Fisher accused some investors of taking a mathematical approach that is too simple when choosing between two stocks. He gave the example of two stocks that are expected to grow at 10% per year. If one of those stocks has a price-earnings ratio of 10 and the other has a price-earnings ratio of 20, then the stock selling at 10 times seems cheaper. But if the cheaper company has lots of leverage (debt), then it may not be cheaper because of interest costs. Further, he expected that any interruption in the expected growth rate would affect the lower price-earnings ratio stock more.

A variation on this problem can occur when investors come to incorrect conclusions because they rely too much on comparisons of price-earnings ratios among stocks that appear to offer similar growth potential. For example, assume there are two stocks with an equal likelihood of doubling their earnings in the next four years. Both sell at 20 times earnings, while equally sound companies with zero growth potential sell at 10 times earnings.

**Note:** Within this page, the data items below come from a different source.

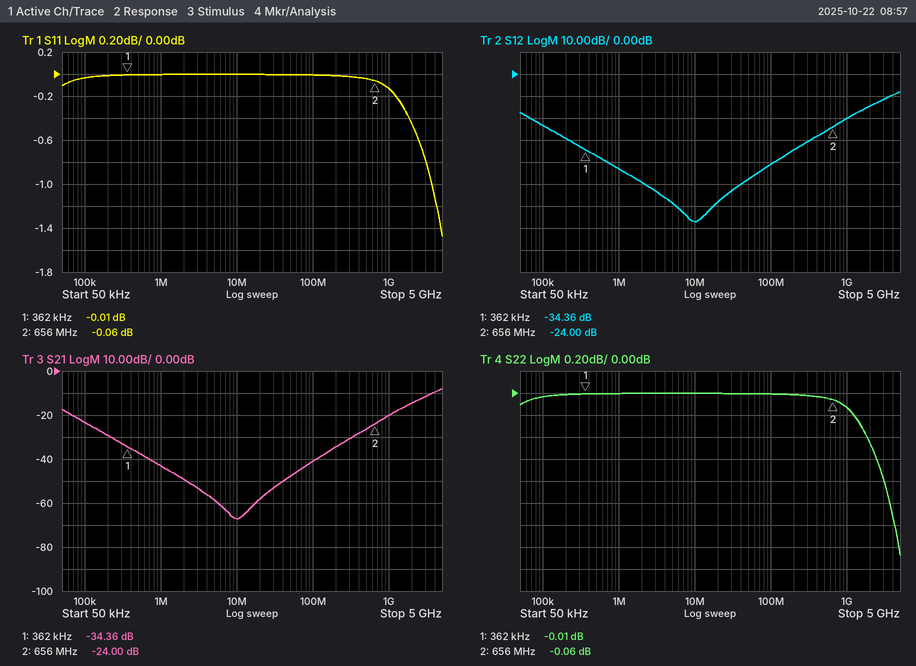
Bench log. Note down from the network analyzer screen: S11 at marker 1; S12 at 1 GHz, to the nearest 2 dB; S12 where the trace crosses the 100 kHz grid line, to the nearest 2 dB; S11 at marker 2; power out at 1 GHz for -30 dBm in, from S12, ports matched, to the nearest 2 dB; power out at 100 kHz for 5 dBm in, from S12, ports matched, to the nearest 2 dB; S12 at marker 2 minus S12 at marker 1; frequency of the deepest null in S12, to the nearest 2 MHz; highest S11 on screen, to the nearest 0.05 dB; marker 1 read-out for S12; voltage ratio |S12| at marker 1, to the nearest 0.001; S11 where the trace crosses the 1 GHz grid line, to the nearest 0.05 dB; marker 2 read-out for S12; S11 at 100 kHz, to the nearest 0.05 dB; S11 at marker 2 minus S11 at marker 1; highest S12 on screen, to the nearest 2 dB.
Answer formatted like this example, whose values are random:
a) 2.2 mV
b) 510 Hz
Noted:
a) -0.01 dB
b) -20 dB
c) -24 dB
d) -0.06 dB
e) -50 dBm
f) -18 dBm
g) 10.36 dB
h) 10 MHz
i) 0.00 dB
j) -34.36 dB
k) 0.019
l) -0.15 dB
m) -24.00 dB
n) -0.05 dB
o) -0.05 dB
p) -8 dB
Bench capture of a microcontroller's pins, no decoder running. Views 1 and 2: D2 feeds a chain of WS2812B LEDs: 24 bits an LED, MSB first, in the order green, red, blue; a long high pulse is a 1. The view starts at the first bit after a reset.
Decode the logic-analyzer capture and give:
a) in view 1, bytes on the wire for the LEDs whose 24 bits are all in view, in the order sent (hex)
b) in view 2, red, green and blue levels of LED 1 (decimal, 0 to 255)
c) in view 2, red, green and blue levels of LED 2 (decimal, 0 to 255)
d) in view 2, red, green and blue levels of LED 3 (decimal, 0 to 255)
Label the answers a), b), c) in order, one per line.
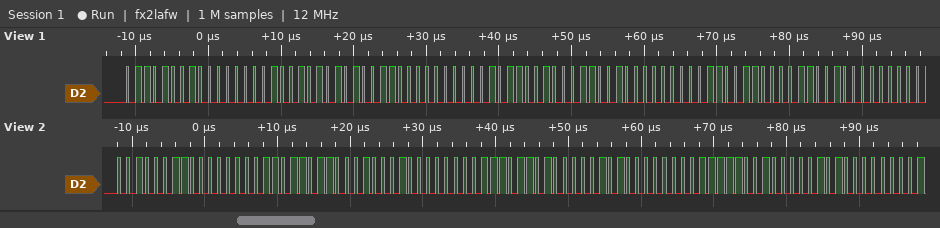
a) 69 00 95 4C 00 B2 32 00 CC
b) 0, 35, 219
c) 0, 17, 237
d) 0, 5, 249

Four years later, assume both high-growth stocks have doubled their earnings, but one is expecting flat earnings over the following four years, while the other is expected to double its earnings again. The financial community will then value the two companies based on their expectations, meaning the company that is expected to double its earnings again will continue to sell at 20 times. But the company expecting flat earnings will begin selling at 10 times, despite having doubled its earnings in the previous years.

Fisher added, “All this can be summarized in a basic investment rule: The further into the future profits will continue to grow, the higher the price-earnings ratio an investor can afford to pay.” But he urged investors to use this rule with caution, that they should never forget that actual variations in the price-earnings ratio will not come from what will happen in reality, but from what the financial community believes will happen.

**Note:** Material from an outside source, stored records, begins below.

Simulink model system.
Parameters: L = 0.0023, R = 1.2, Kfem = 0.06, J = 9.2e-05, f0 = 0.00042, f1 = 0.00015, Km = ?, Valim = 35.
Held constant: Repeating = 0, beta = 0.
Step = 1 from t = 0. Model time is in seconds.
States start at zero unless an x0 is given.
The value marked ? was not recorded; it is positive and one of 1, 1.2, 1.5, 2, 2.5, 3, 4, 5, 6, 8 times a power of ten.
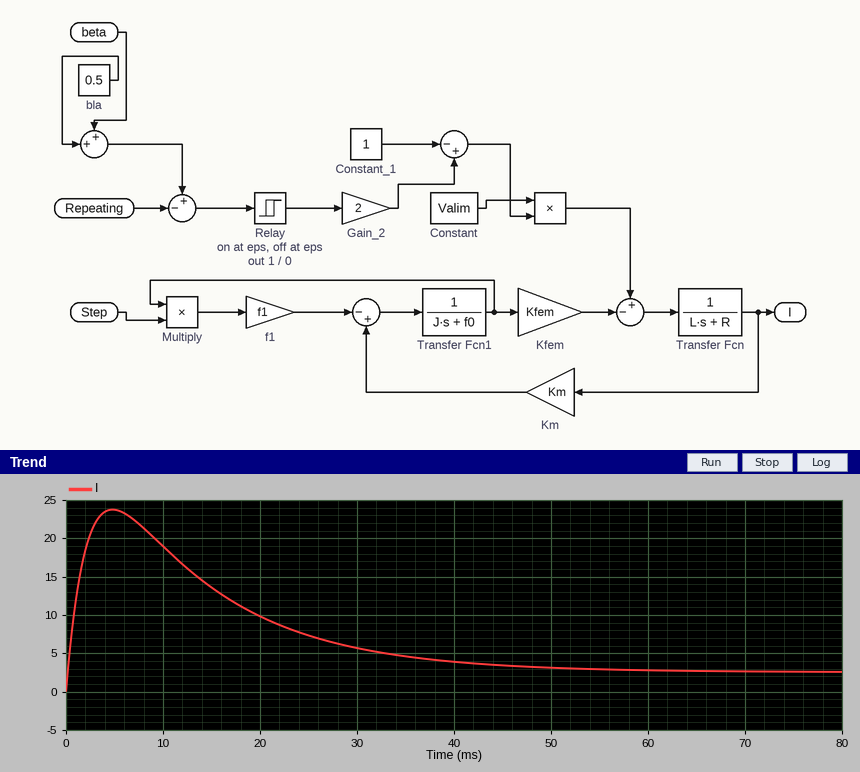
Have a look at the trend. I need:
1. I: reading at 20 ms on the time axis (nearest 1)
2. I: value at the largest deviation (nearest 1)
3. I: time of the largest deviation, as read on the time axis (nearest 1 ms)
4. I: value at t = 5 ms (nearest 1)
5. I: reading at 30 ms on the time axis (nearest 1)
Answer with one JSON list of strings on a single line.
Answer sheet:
["10", "24", "5 ms", "24", "6"]
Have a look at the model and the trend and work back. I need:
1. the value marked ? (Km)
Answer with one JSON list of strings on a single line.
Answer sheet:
["0.12"]
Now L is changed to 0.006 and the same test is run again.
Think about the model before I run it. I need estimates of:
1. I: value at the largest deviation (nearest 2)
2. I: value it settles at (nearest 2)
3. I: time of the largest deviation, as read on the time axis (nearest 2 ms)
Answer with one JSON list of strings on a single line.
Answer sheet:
["20", "2", "10 ms"]
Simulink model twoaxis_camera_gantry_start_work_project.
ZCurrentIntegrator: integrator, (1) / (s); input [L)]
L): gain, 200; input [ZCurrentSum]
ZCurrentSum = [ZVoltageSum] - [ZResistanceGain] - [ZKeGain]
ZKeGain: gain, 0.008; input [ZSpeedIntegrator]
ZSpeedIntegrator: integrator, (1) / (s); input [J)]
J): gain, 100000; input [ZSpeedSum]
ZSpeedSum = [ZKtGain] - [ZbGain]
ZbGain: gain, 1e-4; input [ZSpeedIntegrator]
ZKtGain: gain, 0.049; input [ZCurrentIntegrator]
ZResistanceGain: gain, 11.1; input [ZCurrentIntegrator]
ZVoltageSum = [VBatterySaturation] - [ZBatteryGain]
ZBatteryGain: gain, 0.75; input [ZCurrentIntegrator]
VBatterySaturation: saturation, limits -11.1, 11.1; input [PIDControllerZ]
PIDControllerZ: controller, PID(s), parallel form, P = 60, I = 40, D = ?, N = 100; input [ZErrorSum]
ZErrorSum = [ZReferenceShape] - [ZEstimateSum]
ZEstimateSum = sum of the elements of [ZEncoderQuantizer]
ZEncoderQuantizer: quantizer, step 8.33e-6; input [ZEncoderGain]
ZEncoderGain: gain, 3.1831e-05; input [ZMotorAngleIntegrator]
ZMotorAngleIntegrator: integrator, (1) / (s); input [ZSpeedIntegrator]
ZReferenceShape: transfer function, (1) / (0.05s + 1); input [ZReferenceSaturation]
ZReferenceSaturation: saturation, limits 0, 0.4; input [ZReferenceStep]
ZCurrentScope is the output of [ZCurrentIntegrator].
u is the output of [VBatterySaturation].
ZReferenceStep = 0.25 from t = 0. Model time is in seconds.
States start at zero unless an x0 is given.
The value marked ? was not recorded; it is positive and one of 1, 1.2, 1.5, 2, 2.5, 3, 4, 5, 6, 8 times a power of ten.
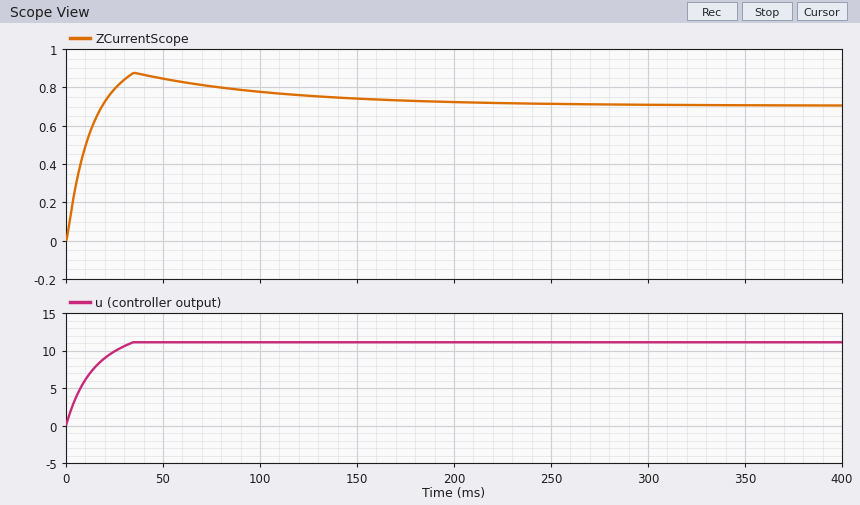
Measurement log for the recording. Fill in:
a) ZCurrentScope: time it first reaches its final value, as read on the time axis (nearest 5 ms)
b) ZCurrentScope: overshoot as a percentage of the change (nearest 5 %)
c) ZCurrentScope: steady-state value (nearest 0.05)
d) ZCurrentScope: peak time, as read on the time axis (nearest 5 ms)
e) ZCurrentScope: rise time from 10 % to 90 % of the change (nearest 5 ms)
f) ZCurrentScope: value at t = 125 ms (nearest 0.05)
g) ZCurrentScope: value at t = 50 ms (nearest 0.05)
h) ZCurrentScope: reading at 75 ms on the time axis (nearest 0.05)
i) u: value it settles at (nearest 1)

20 ms
25 %
0.70
35 ms
15 ms
0.75
0.85
0.80
11
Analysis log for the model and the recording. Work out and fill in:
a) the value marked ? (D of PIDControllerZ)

1.2
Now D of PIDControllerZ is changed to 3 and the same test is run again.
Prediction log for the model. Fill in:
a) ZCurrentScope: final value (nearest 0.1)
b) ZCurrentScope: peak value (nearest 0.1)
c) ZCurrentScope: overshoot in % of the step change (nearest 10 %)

0.7
0.9
30 %
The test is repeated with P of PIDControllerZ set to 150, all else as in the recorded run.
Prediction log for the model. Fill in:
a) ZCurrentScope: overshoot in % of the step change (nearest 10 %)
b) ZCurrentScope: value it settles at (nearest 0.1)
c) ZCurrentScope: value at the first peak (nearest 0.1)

30 %
0.7
0.9

As noted, there is a third type of appraisal in addition to appraisals of industries and of individual stocks. That third type is the financial community’s appraisal of stocks in general. Fisher offers a couple of extreme examples, the first being the euphoric period between 1927 and 1929. At the other end of the spectrum was the financial community’s deep skepticism about stocks between mid-1946 and mid-1949. In the latter period, stocks were selling at low price-earnings ratios despite good earnings because investors believed there must be a post-war depression just around the corner. As we, and Fisher, know in hindsight, both of those outlooks were spectacularly wrong.

When considering the financial community’s outlook for stocks in general, there is a real-world financial factor in play: interest rates. When interest rates are high, investment capital tends to flow to long- or short-term money markets, resulting in less demand and lower prices for stocks. The opposite occurs when interest rates are low.

There is also an effect from the public’s bias toward saving or spending. When the public is inclined to save a higher percentage of its income, the capital pool grows more quickly and creates greater demand for stocks. Fisher observed this aspect has less influence than interest rates. He also noted that new stock issues could have an effect as well, but a lesser effect than interest rates and spend/save biases.

In wrapping up the whole of the fourth dimension, he wrote:

“The price of any particular stock at any particular moment is determined by the current financial-community appraisal of the particular company, of the industry it is in, and to some degree of the general level of stock prices. Determining whether at that moment the price of a stock is attractive, unattractive or somewhere in between stock depends for the most part on the degree these appraisals vary from reality. However, to the extent that the general level of stock prices affects the total picture, it also depends somewhat on correctly estimating coming changes in certain purely financial factors, of which interest rates are by far the most important.”